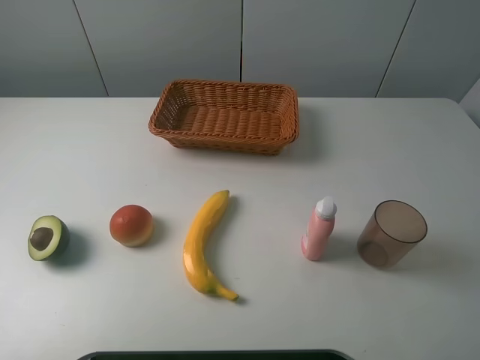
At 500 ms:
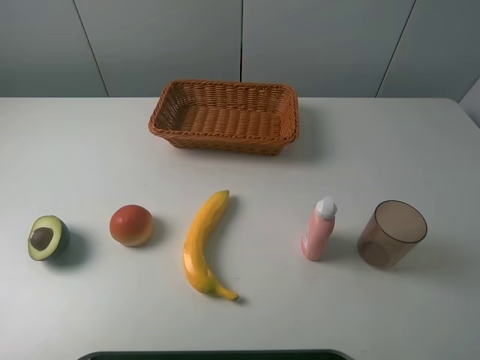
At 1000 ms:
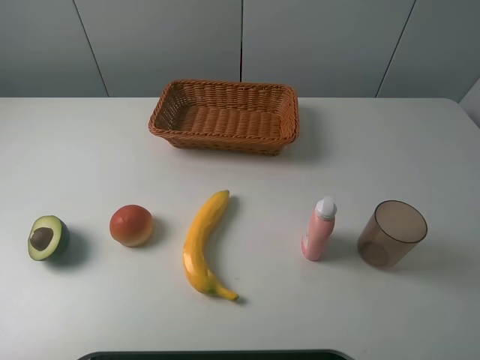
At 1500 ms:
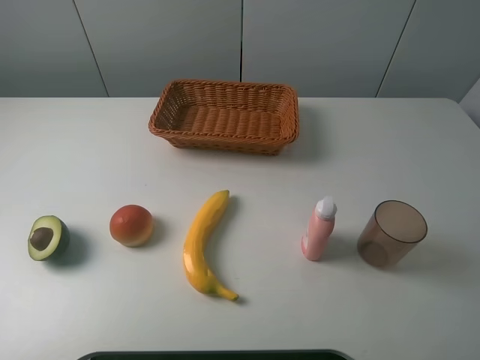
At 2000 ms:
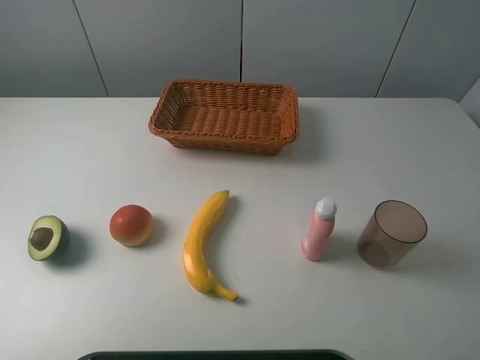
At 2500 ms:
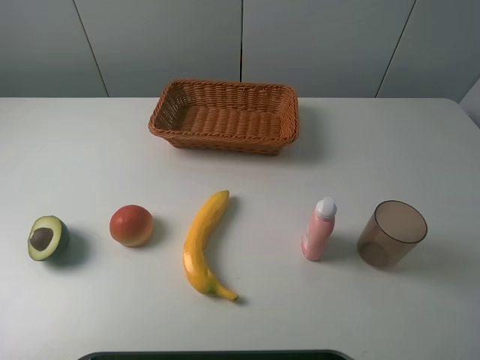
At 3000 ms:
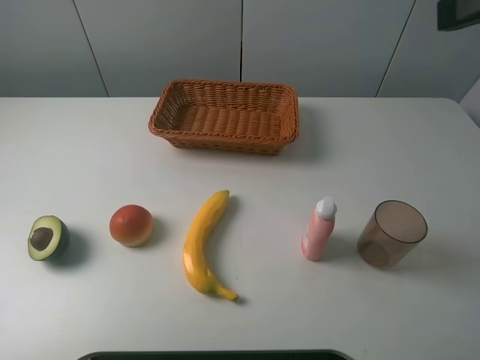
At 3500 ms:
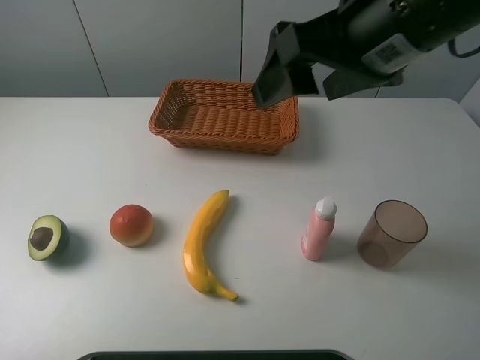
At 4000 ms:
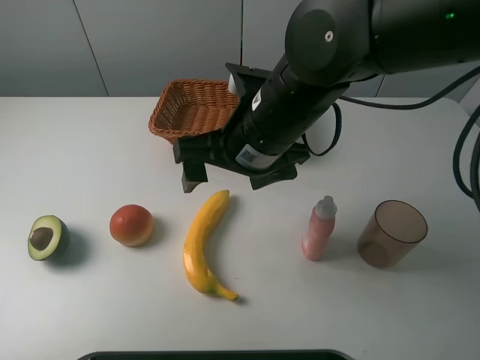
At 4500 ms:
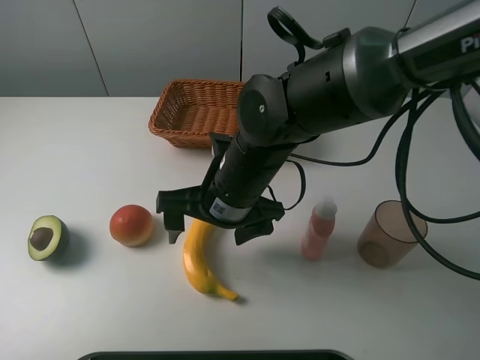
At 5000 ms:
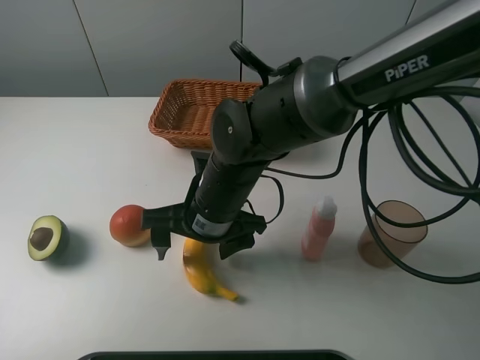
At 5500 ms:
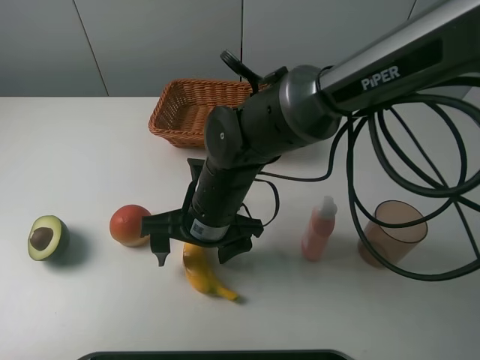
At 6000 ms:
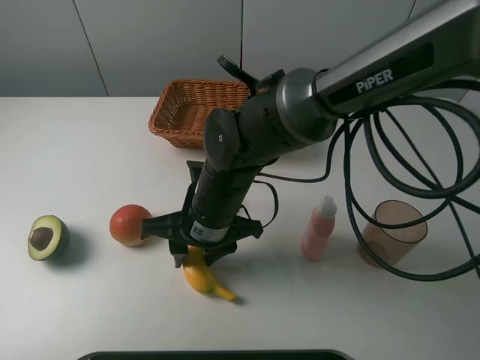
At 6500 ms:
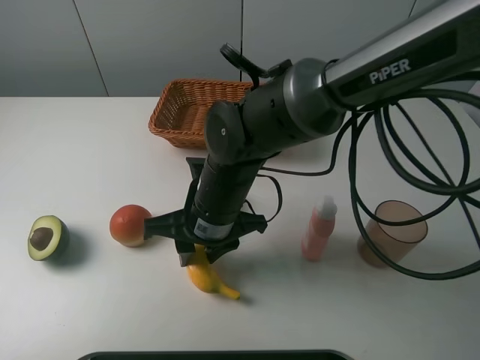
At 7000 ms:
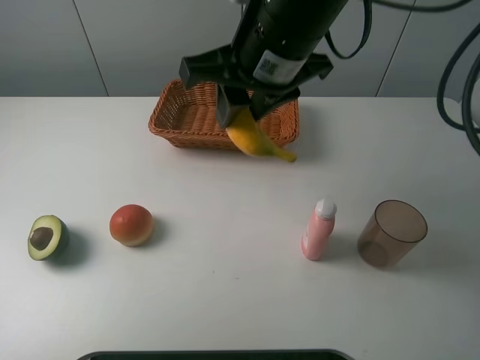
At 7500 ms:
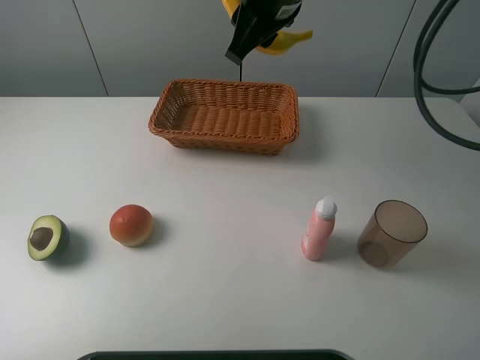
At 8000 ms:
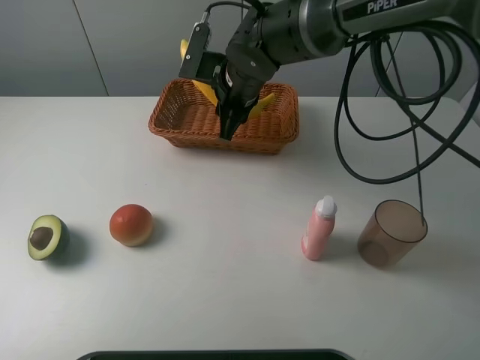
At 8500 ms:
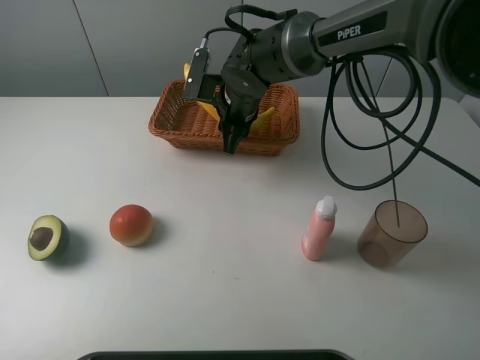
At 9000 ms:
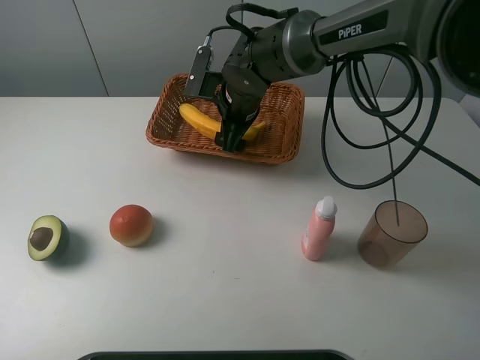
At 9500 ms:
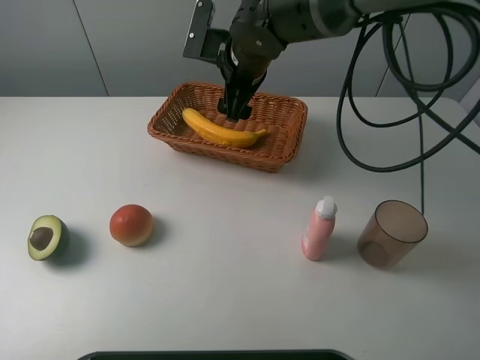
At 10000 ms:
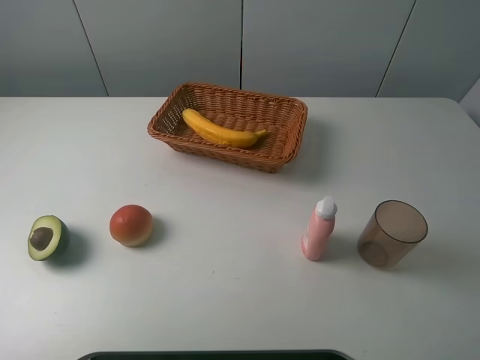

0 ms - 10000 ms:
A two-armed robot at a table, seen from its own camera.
Task of the whole recording: randomly pick up an item from the table and put it in the basket.
Step, 0 ms - 6000 ms: Grasp the banana with the right gripper.
Step, 6500 ms - 9500 ms: Place the banana into the basket with the right gripper.
0 ms - 2000 ms: Both grippers stay put.
2000 ms - 4000 ms: The right gripper moves to the left and forward, roughly 35 cm.
4000 ms - 6000 ms: The right gripper travels downward and to the left by some 10 cm, and closes its fingers.
6000 ms - 8000 ms: The right gripper shifts approximately 15 cm forward, and travels upward and back again, some 20 cm each way.
8000 ms - 10000 ms: The right gripper shifts some 30 cm upward and to the right, and opens.

● **THE PROBLEM**:
Because the pictures are not wanted, retype every record exactly without them.

● **SOLVED EXERCISE**:
At 500 ms:
At 1000 ms:
At 1500 ms:
At 2000 ms:
At 2500 ms:
At 3000 ms:
At 3500 ms:
At 4000 ms:
At 4500 ms:
At 5000 ms:
At 5500 ms:
At 6000 ms:
At 6500 ms:
At 7000 ms:
At 7500 ms:
At 8000 ms:
At 8500 ms:
At 9000 ms:
At 9500 ms:
At 10000 ms:

0 ms - 10000 ms:
A two-armed robot at a table, seen from its own camera.
Task of the whole recording: randomly pick up an item from the table and put it in the basket.
Step, 0 ms - 6000 ms: Grasp the banana with the right gripper.
Step, 6500 ms - 9500 ms: Place the banana into the basket with the right gripper.
0 ms - 2000 ms: Both grippers stay put.
2000 ms - 4000 ms: The right gripper moves to the left and forward, roughly 35 cm.
4000 ms - 6000 ms: The right gripper travels downward and to the left by some 10 cm, and closes its fingers.
6000 ms - 8000 ms: The right gripper shifts approximately 15 cm forward, and travels upward and back again, some 20 cm each way.
8000 ms - 10000 ms: The right gripper shifts some 30 cm upward and to the right, and opens.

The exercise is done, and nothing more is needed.